Posts Tagged “urinal”

urinal.gifA public men’s room can be a bizarre place. It’s a place where every man goes at some point in his life, but rarely is he ever completely comfortable with it. Larry “Wide Stance” Craig and George Michael are notable exceptions. Arenas and Stadiums often have a long trough where men have to line up next to each other, whip it out, and pretend they’re completely secure with the situation. It looks like a germ-a-phobe convention in there with people trying to avoid elbow-to-elbow and eye contact at all costs. In these situations urinals are a luxury. Urinals with a divider are a majorly kick-ass.

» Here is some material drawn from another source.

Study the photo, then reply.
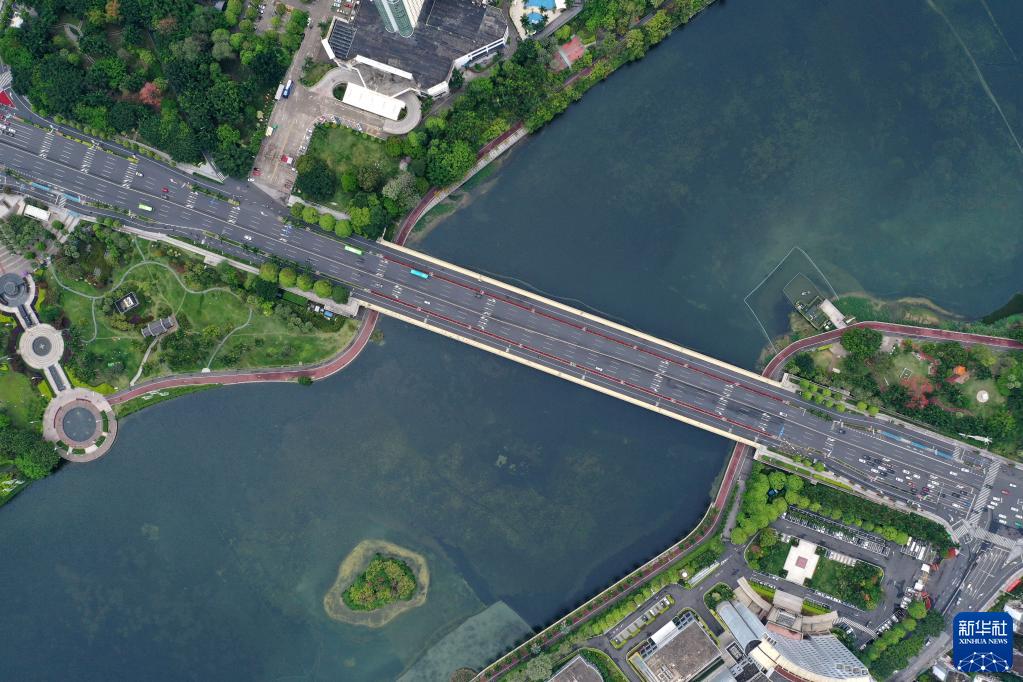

However, the urinal also provides for weirdness. I’m talking about urinal posture. You’ll see strange postures at urinals that are never seen at the troughs. There are three major types:

The Reverent - head down, feet shoulder-width apart, both hands in front of the pelvis. It looks a little like the guy is praying for a bigger one. He doesn’t want trouble. He just wants to relieve himself and go. The Reverent will rarely talk to you - which is good. This is probably the most common stance and the most comfortable for everyone.

The Destitute - head-down, feet shoulder-width apart, one hand in front of the pelvis, one hand on the wall.

This guy has given up on the prayers of the Reverent. If it weren’t for that wall, he’d probably collapse on the floor and weep over what he’s holding. It’s sad really. Why he feels the need to hold up the wall is anyone’s guess. The later it gets, the more likely you are to see this one especially if the place serves alcohol. A variation on this stance is:

The Line-up - feet more than shoulder-width apart, head up or down, both hands at or above eye-level against the wall. This guy looks like he’s waiting for a pat-down or a reach-around.

Both stances are absurd when the person is sober.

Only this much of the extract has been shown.